Instructions to follow »
Across the entries below, please work out how many lines contain the string "object" and give only the number.

----- Given data

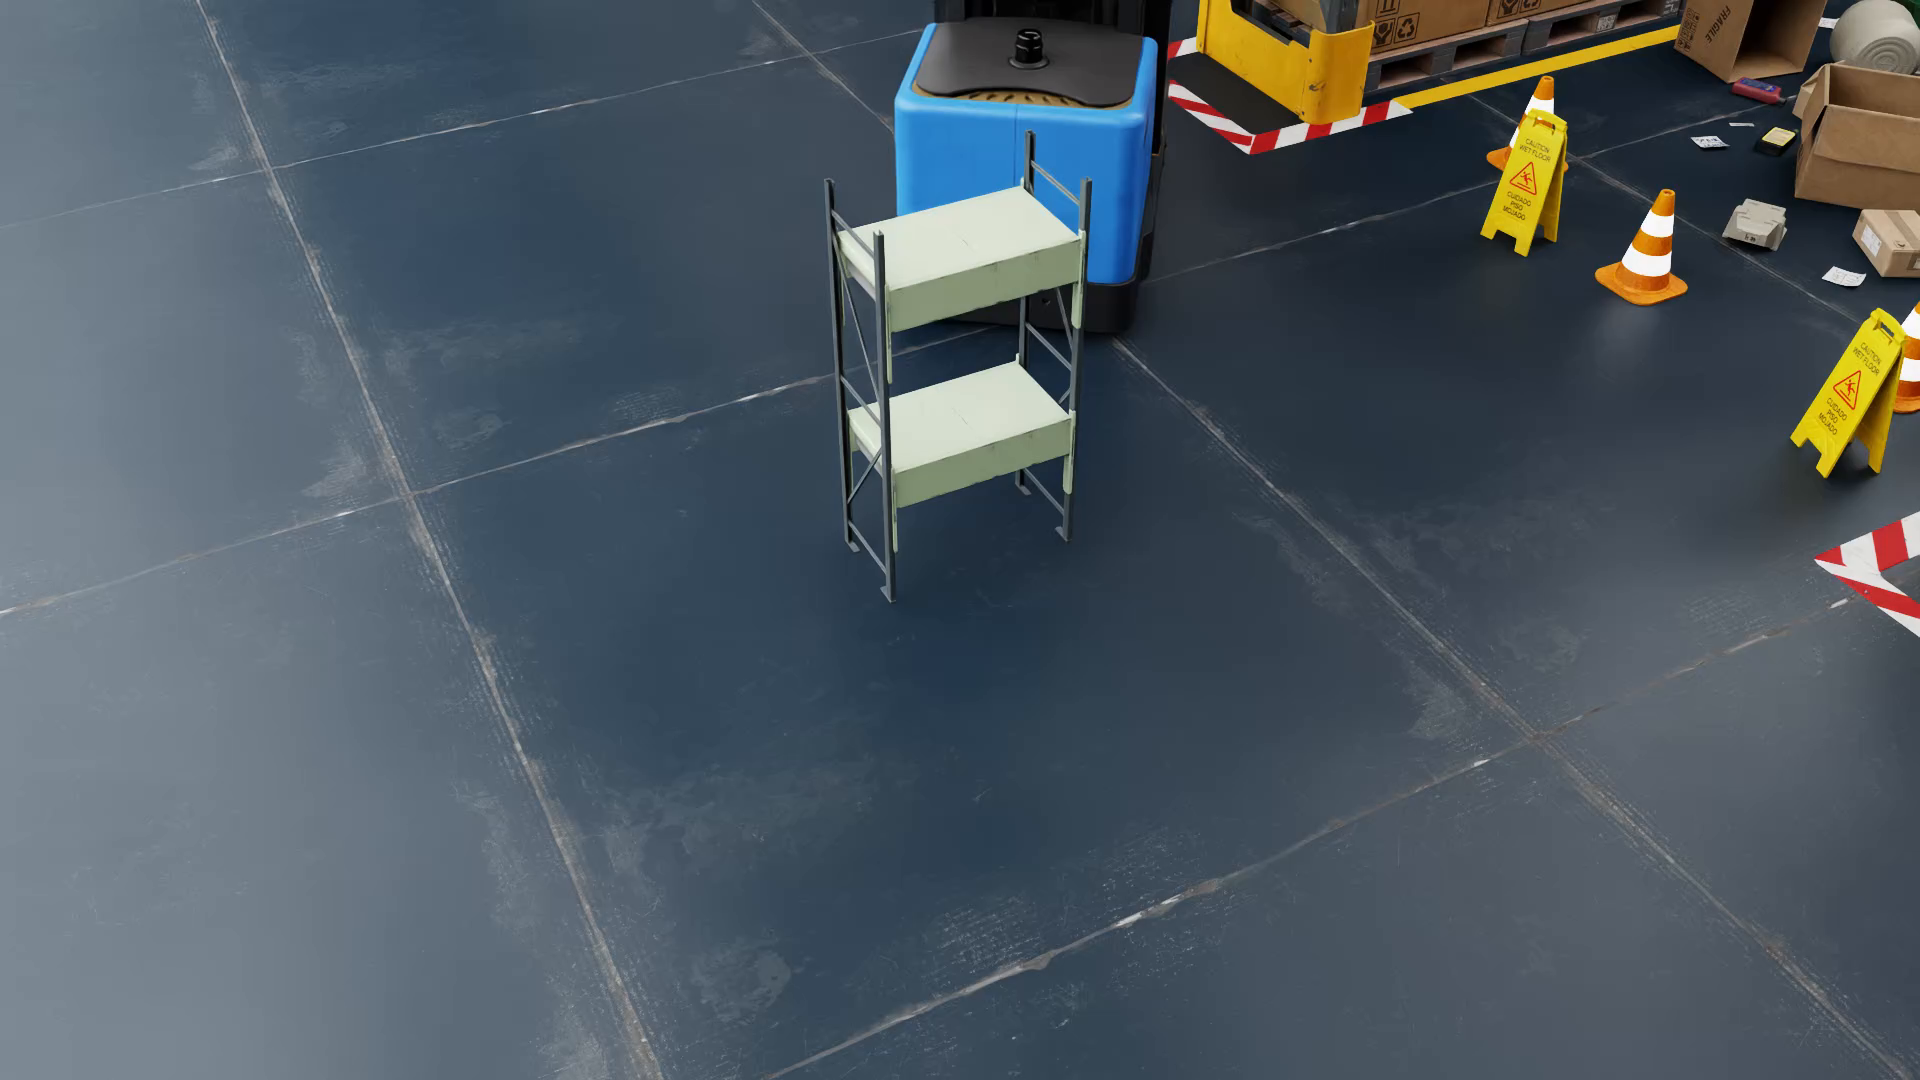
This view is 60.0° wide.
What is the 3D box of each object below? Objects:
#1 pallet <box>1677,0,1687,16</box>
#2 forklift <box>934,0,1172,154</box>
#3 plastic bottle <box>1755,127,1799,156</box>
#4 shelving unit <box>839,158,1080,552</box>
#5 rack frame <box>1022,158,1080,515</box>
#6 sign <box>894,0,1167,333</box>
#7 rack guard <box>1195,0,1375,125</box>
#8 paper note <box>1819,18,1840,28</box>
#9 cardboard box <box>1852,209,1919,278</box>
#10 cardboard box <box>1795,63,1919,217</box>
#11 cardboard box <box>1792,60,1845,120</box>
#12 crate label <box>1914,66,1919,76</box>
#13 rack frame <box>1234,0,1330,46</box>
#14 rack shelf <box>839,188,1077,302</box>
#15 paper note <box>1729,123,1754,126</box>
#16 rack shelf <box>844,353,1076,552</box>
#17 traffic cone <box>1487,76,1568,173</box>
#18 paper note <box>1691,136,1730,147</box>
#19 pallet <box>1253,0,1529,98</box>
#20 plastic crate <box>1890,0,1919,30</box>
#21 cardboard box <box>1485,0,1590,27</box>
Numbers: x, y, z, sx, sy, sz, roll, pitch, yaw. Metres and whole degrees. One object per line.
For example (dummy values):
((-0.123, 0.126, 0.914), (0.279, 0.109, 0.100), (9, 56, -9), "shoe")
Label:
((4.619, -3.679, 10.433), (1.213, 0.211, 1.003), (-19, 44, -21), "pallet")
((0.466, -2.966, 7.486), (1.121, 2.935, 3.031), (6, 41, 7), "forklift")
((4.269, -2.091, 8.673), (0.133, 0.061, 0.283), (31, 49, 31), "plastic bottle")
((-0.001, -0.572, 5.765), (0.731, 1.308, 0.431), (-19, 44, -21), "shelving unit")
((0.319, -0.679, 5.891), (0.010, 1.308, 0.380), (-19, 44, -21), "rack frame")
((0.370, -2.557, 7.084), (2.025, 2.768, 2.177), (-19, 44, -21), "sign")
((1.761, -2.771, 9.136), (0.348, 0.500, 1.175), (-19, 44, -21), "rack guard")
((5.152, -3.073, 9.856), (0.147, 0.020, 0.142), (15, 42, 17), "paper note")
((4.387, -1.386, 7.772), (0.250, 0.149, 0.380), (2, 40, 2), "cardboard box")
((4.547, -1.948, 8.161), (0.797, 0.503, 0.637), (15, 42, 17), "cardboard box")
((4.656, -2.314, 8.778), (0.258, 0.266, 0.396), (-12, 42, -13), "cardboard box")
((5.477, -2.715, 9.352), (0.298, 0.136, 0.250), (15, 42, 17), "crate label")
((1.780, -3.734, 8.339), (0.053, 2.616, 0.949), (-19, 44, -21), "rack frame")
((-0.006, -0.943, 5.448), (0.686, 0.124, 0.368), (-19, 44, -21), "rack shelf")
((4.163, -2.212, 8.855), (0.123, 0.001, 0.032), (2, 40, 2), "paper note")
((-0.006, -0.322, 5.974), (0.720, 0.370, 0.431), (-19, 44, -21), "rack shelf")
((2.909, -2.108, 8.383), (0.334, 0.463, 0.336), (-19, 44, -21), "traffic cone")
((3.920, -2.081, 8.686), (0.142, 0.017, 0.144), (-5, 40, -6), "paper note")
((2.455, -2.951, 9.573), (1.213, 0.211, 1.003), (-19, 44, -21), "pallet")
((5.781, -3.072, 9.689), (0.662, 0.188, 0.450), (2, 30, 2), "plastic crate")
((3.132, -3.585, 9.483), (0.875, 0.875, 0.875), (-19, 44, -21), "cardboard box")

----------

Task response »
2